The need for national health care reform has been well documented... Universal coverage at broadly affordable cost becomes possible only when insurance risks are spread across a large community. Currently, most health coverage is priced using "experience rating," where high premiums are set for high cost groups and low premiums are set for low cost groups. Experience rating financially discriminates against populations that experience high costs: the very young, the very old, the chronically ill, and those with pre-existing conditions, such as diabetes.

And here's what Larry English, the former president of Cigna HealthCare, told that same Congressional committee:

There are many specifics in the President's plan we believe should be supported enthusiastically. Among them are universal coverage, portability, the elimination of pre-existing condition limitations, the elimination of cream-skimming and cherry picking underwriting practices, the use of community rating, a standard benefit plan and malpractice reform.

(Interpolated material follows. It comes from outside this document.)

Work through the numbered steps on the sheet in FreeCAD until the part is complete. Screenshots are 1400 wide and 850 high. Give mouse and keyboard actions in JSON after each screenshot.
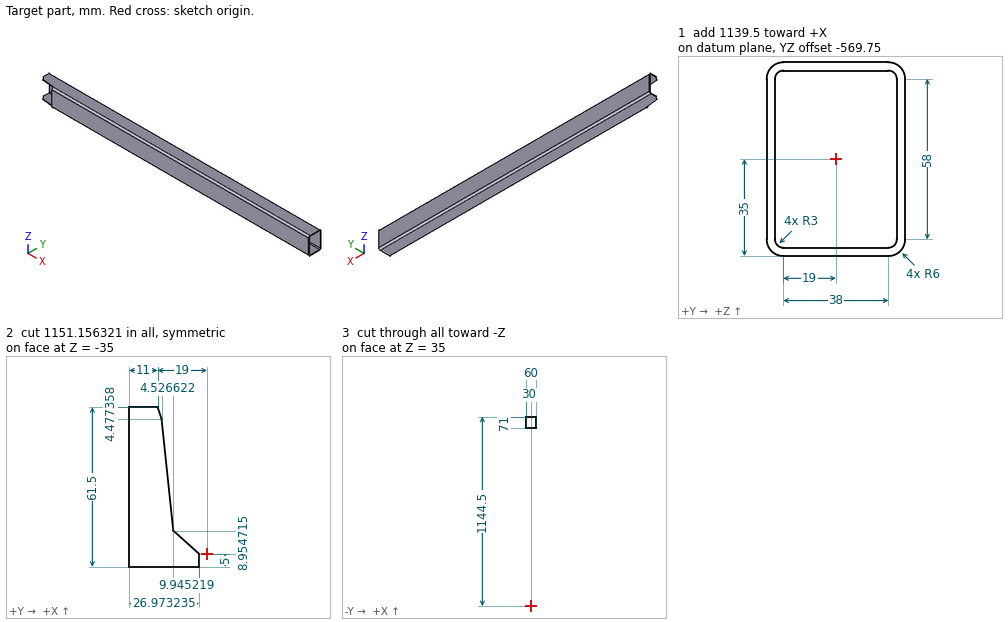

When it became clear, however, that some of the regulations the Clintons were proposing might curtail profits, the insurers began to disown what they had told Congress. They embarked on a campaign to persuade the public that the "invisible hand of the market," as English said in a speech the next year, would do a much better job of controlling costs and expanding coverage than the Clinton plan.

When the Clinton bill died in Congress, that invisible hand went to work. But it proved to be so ham-fisted that physicians and patients soon rebelled. As it turned out, people didn't like being required to change doctors, as many of them had to do. And women didn't like being forced out of the hospital within hours of having a baby or undergoing a mastectomy. So insurers had to ditch many of the practices that presumably would bring down health care costs.

The free-market solution the insurers came up with after the failure of managed care was to herd people into high-deductible plans, just as they herded us into restrictive HMOs 20 years ago. The problem, of course, is that the insurers have to keep increasing both premiums and deductibles to keep meeting Wall Street's profit expectations. It doesn't take a rocket scientist to see how that is not a sustainable strategy -- unless, of course, the government requires all of us buy coverage and gives subsidies to people who can't afford the premiums on their own.

Without the individual mandate, so loathed by free market lovers, the pool of people willing and able to buy coverage will continue to shrink, as will insurers' profit margins. Over the coming years, that pool will become increasingly older and sicker, meaning premiums will soar. Insurers will begin to desert the marketplace. They will not go out of business, but, as their acquisition strategy shows, they will be very different companies.

Insurance executives know they will have to transform their companies even more rapidly -- and get out of the risk business sooner rather than later -- if the individual mandate is struck down. They have run out of silver bullets. As for those who believe the free market can work in health care just as well as any other sector of the economy, they will see, if the Court declares the law unconstitutional, that it simply does not.